Analysis

Are we in a smart beta bubble?

ETF Stream’s deputy editor Tom Eckett examines the possibility the smart beta industry has reached bubble territory given the vast amount of factors published by top journals and decade-long underperformance by value, the most academically-supported factor

Tom Eckett

a man in a suit and tie

One of the first economic bubbles recorded in western Europe was during the 17th Century when tulip mania swept through the Netherlands. During the Dutch Golden Age, tulip prices reached extraordinarily high levels with one tulip being traded for 12 acres of land at one point, according to the British journalist Charles Mackay. The bubble dramatically burst in February 1637, however, when contract prices for the bulbs collapsed overnight.

Could this happen to the concept of smart beta? The answer is a firm no, at least not in such emphatic fashion, however, there are whisperings from corners of the investment landscape that the strong inflows into smart beta products over the past decade will not last forever.

Smart beta products have seen their assets balloon since the Global Financial Crisis in 2008 with investors disillusioned about the state of traditional active management. According to data from Morningstar, smart beta ETP assets under management (AUM) now total around $800bn globally with BlackRock predicting assets in factor strategies will reach $3.4trn by 2022.

It is easy to see why smart beta has grown in popularity. The products incorporate factors that have been ‘empirically’ proven by academic research to deliver outperformance over the long term. Factors such as value have been written about for over 50 years as a way of delivering superior returns to the benchmark. Along with the promise of outperformance, smart beta ETFs come at a cheaper rate when compared to active mutual funds.

Axes to grind

The sharp rise in assets has led to the proliferation of factors with issuers looking to tie themselves to the latest piece of academic research in order to capture investor assets. The problem with this approach from the smart beta issuers, however, is academics have their own axe to grind.

Over the past 50 years, academics have faced increasing pressure to meet funding requirements by being published in top journals. This is evidently not achieved by doing a piece of research and finding a factor that cannot be supported by the evidence. This is not just a problem in finance but is rife across the whole of academia as research departments look to keep their head above water.

As a result of the pressure, a recent academic study conducted by Campbell Harvey, Professor of Finance at Duke University and Yan Liu, Assistant Professor of Finance at Purdue University, found over 400 factors had been published in top journals.

“The rate of factor production in the academic research is out of control,” the paper stressed. “The backtested results published in academic outlets are routinely cited to support commercial products. As a consequence, investors develop exaggerated expectations based on inflated backtested results and are then disappointed by the live trading experience.”

Furthermore, David McLean and Jeffrey Pontiff in a 2015 study analysed the returns of 85 published factors and found they delivered in-sample returns of an annualised 7.2%. However, this number dramatically dropped to 4.9% out-of-sample – typically a 56-month period – and fell even further to 3.2% following publication.
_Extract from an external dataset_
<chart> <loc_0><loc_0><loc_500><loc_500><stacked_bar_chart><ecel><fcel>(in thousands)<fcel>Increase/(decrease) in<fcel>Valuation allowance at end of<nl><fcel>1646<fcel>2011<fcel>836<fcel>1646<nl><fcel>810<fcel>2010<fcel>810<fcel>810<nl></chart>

It is certainly fair to say the “factor zoo” as it has come to be known is out of control with academics publishing new findings without regard for the validity of the factor. And with smart beta issuers very quick to tie themselves to academic research when launching a factor-based product, it certainly brings into question the validity of these vehicles, especially when providers do not make money from investing in smart beta themselves.

Academic evidence

As Dylan Grice, co-founder of Calderwood Capital Research, said: “The academic evidence for factors is dubious at best. To the extent there was substance to the [factors], market participants soon eliminated them in their rush to capture them. In other words, there is little merit in this academic literature, and there is commensurately little merit in the vast array of financial products which are largely based upon it.”

The fact there are 400 academically published factors available for issuers to turn into products does highlight an overreach in the space. Value’s underperformance for over a decade now could be viewed as a key signal of the smart beta bubble slowly starting to burst.
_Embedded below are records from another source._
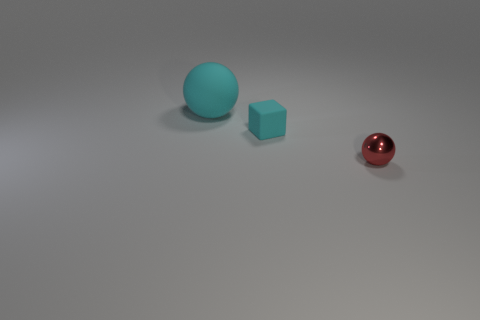Are there more tiny red things that are in front of the tiny ball than tiny green metallic cylinders?
Keep it short and to the point. No. What number of other objects are the same color as the tiny rubber object?
Offer a terse response. 1. There is a rubber thing that is the same size as the red metallic ball; what shape is it?
Provide a short and direct response. Cube. What number of red metallic spheres are in front of the small object that is on the right side of the cyan matte object that is in front of the big cyan thing?
Give a very brief answer. 0. What number of metallic things are either cyan blocks or tiny balls?
Ensure brevity in your answer.  1. There is a thing that is both in front of the big cyan rubber object and behind the small red metallic thing; what color is it?
Give a very brief answer. Cyan. There is a cyan thing that is behind the cyan rubber cube; does it have the same size as the small metallic ball?
Your answer should be compact. No. What number of things are tiny objects that are behind the red object or red shiny spheres?
Offer a terse response. 2. Are there any cyan rubber spheres of the same size as the metallic ball?
Offer a terse response. No. What material is the cube that is the same size as the red thing?
Provide a short and direct response. Rubber. 
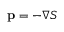<formula> <loc_0><loc_0><loc_500><loc_500>p = - \nabla S</formula> 
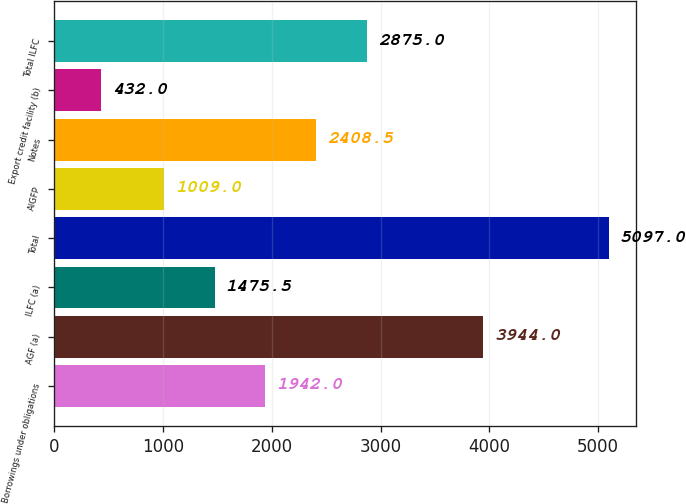Convert chart to OTSL. <chart><loc_0><loc_0><loc_500><loc_500><bar_chart><fcel>Borrowings under obligations<fcel>AGF (a)<fcel>ILFC (a)<fcel>Total<fcel>AIGFP<fcel>Notes<fcel>Export credit facility (b)<fcel>Total ILFC<nl><fcel>1942<fcel>3944<fcel>1475.5<fcel>5097<fcel>1009<fcel>2408.5<fcel>432<fcel>2875<nl></chart>

Somewhat worryingly, value has underperformed in both rising and falling markets this year. Highlighting this, the MSCI World Value index returned -29.2% in Q1 versus -23.2% for the MSCI World. When markets started to rally the MSCI World outperformed its value relative by 2.3% in April. Although this is a tiny sample, it does highlight the structural problems facing “value” products.

chart, line chart

Source: MSCI

But how will the smart beta bubble burst? Grice shares his predictions: “Probably not in the same dramatic fashion that the sub-prime bubble did. And probably not by being unpicked by the awkward questioning of probing academics. The financial products which are based on [smart beta] will ultimately return negative alpha as today’s army of supposed ‘value investors’ (i.e. those following the value ‘factor’ strategy) have already discovered. It will die a slow death, as the eventual realisation sets in several years hence, that poor performance is intrinsic to its shoddy research approach.”